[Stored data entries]
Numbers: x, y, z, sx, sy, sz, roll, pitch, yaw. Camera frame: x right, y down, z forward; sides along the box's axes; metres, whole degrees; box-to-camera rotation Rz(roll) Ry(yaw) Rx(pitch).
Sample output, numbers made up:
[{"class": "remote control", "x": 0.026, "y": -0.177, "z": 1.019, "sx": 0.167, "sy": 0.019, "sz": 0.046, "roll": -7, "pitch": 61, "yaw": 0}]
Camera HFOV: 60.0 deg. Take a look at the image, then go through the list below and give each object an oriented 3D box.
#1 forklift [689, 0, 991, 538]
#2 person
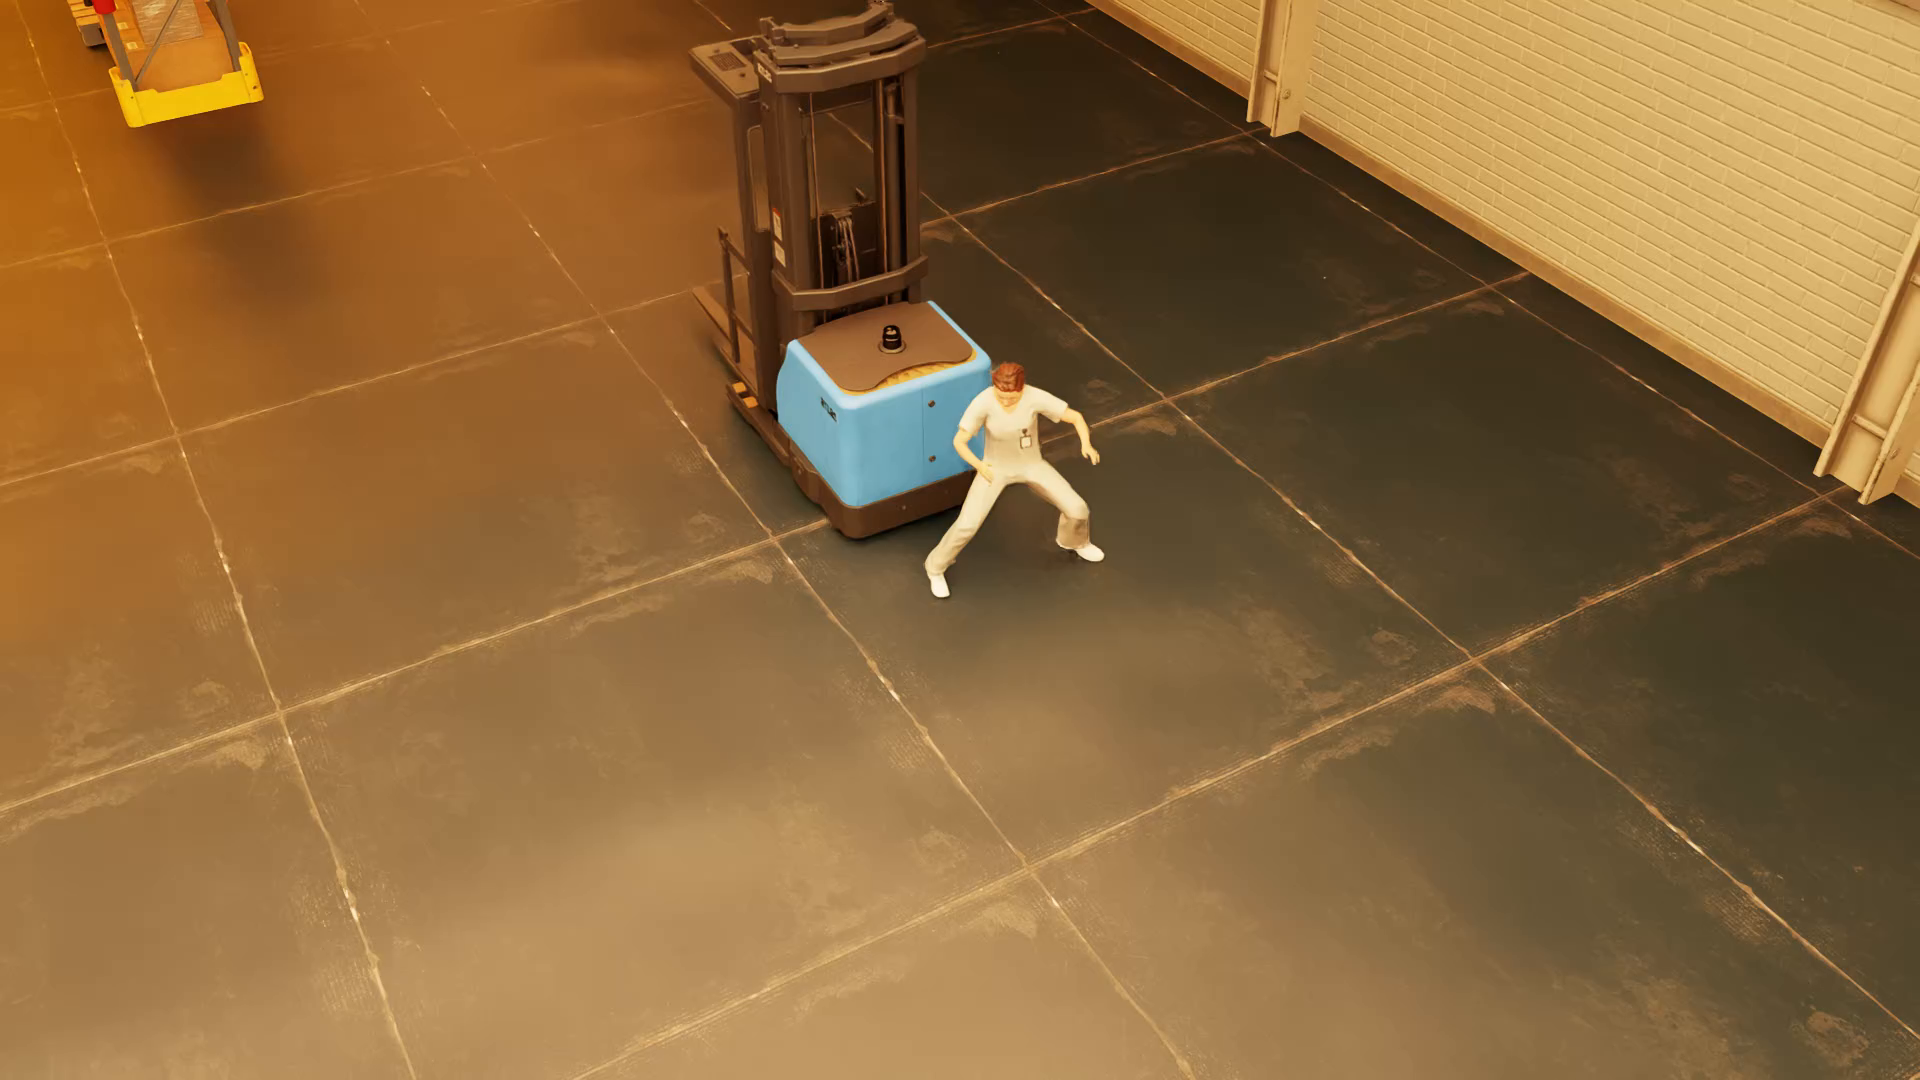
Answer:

> [What is being asked]:
Without including the pictures, reproduce all entries exactly.

> [Expected answer]:
Numbers: x, y, z, sx, sy, sz, roll, pitch, yaw. Camera frame: x right, y down, z forward; sides along the box's axes; metres, whole degrees; box-to-camera rotation Rz(roll) Ry(yaw) Rx(pitch).
Sample output, numbers made up:
[{"class": "remote control", "x": 0.026, "y": -0.177, "z": 1.019, "sx": 0.167, "sy": 0.019, "sz": 0.046, "roll": -7, "pitch": 61, "yaw": 0}]
Camera HFOV: 60.0 deg. Take a look at the image, then go through the list below and give each object an oriented 3D box.
#1 forklift [689, 0, 991, 538]
#2 person
Answer:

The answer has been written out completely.